Transformer and Word Embedding

Transformer and Attention

1.Background and motivation

1.1 RNN Limitations

In traditional Recurrent Neural Networks (RNN) or LSTM models, the sequence is processed one token at a time: the $t$ -th token connot be processed until $(t-1)$ -th token is finished. This captures sequential information but leads to 2 major drawbacks:

Non-parallelizable: Slow training speed.
Long-range dependency problem: It becomes difficult for RNNs to propagate information from distant positions in the sequence effectively.
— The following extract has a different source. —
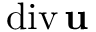Convert formula to latex. <formula><loc_0><loc_0><loc_500><loc_500>d i v \, { u }</formula> 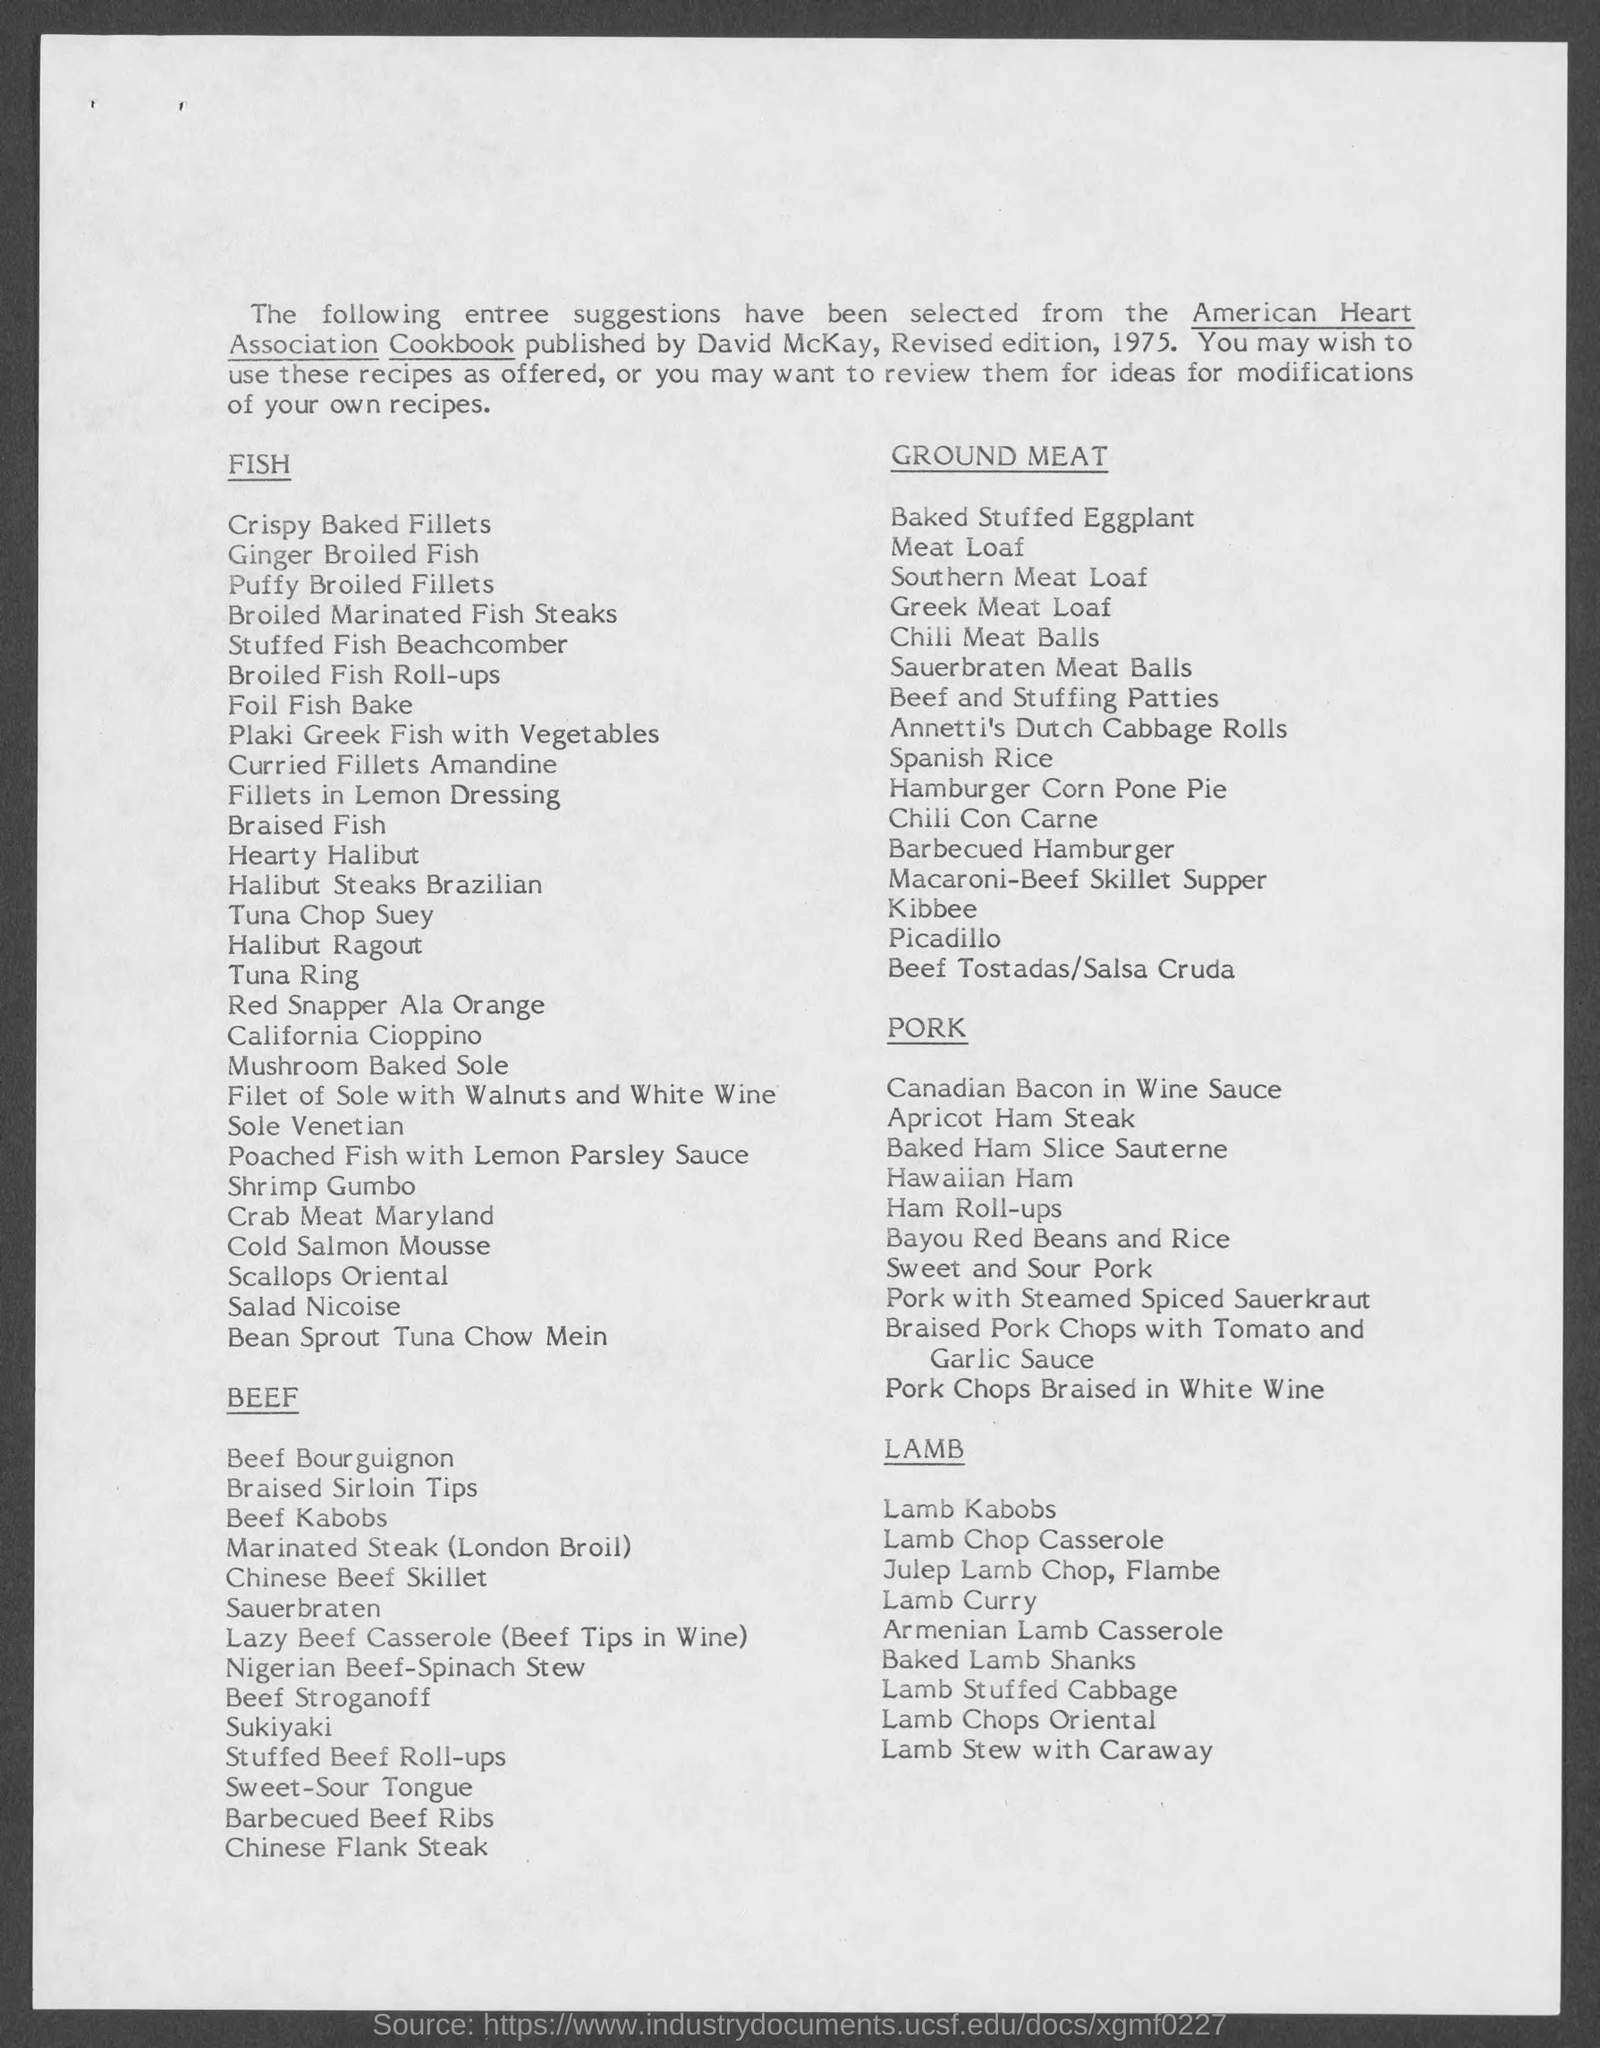Point out several critical features in this image. The American Heart Association Cookbook was published by David McKay.

1.2 The Emgergence of the Transformer

In 2017, Vaswani et al. introduced the Transformer architecture in the paper Attention is All You Need, revolutionizing Natural Language Processing (NLP) and deep learning. The key innovation in the Transformer is the Self-Attention Mechanism, which captures dependencies across all positions in a sequence In parallel, without relying on recurrent structures.

2. Fundamentals of Attention

2.1 Concept of Attention

The core idea of Attention is that when the model focuses on a particular target word (or position), it should "attend" to the most relevant parts of the input sequence, assigning higher weights to those relevant elements.

A simple analogy: When we read, we tent to focus more on words or sentences most relevant to the question at hand.

2.2 The introduction of Query, Key， and Value

Practically, each token is projected into three different vector spaces:

Query (Q): "What am I looking for?
Key (K): "What features do I have for retrival?"
Value (V) "What content do I actually carry?"

In Self-Attention, every token in the sequence serves as a Query, Key, Value. Each token compares itself to others, resulting in distinct attention weights.

3. Self-Attention Formula Derivation

3.1 Basic From

The most common form is Scaled Dot-Product Attention. The core formula is:

\text{Attention}(Q,K,V) = \text{softmax}(\frac{Q K^T}{\sqrt{d_k}})V

$Q\in \mathbb{R}^{n \times d_k}$ ：Matrix containing all Query vectors (where $n$ is the sequence length, and $d_k$ is the dimension of each vector)
$K \in \mathbb{R}^{n \times d_k}$ : Matrix containing all Key vectors
$V \in \mathbb{R}^{n \times d_v}$ : Matrix cotaining all Value vectors (often $d_v$ = $d_k$ )
$QK^T \in \mathbb{R} ^{n \times n}$ ： Computes pairwise similarity (dot-product) among tokens.
$\sqrt{d_k}$ : A scaling factor to prevent large dot-product values from destabilizing gradients.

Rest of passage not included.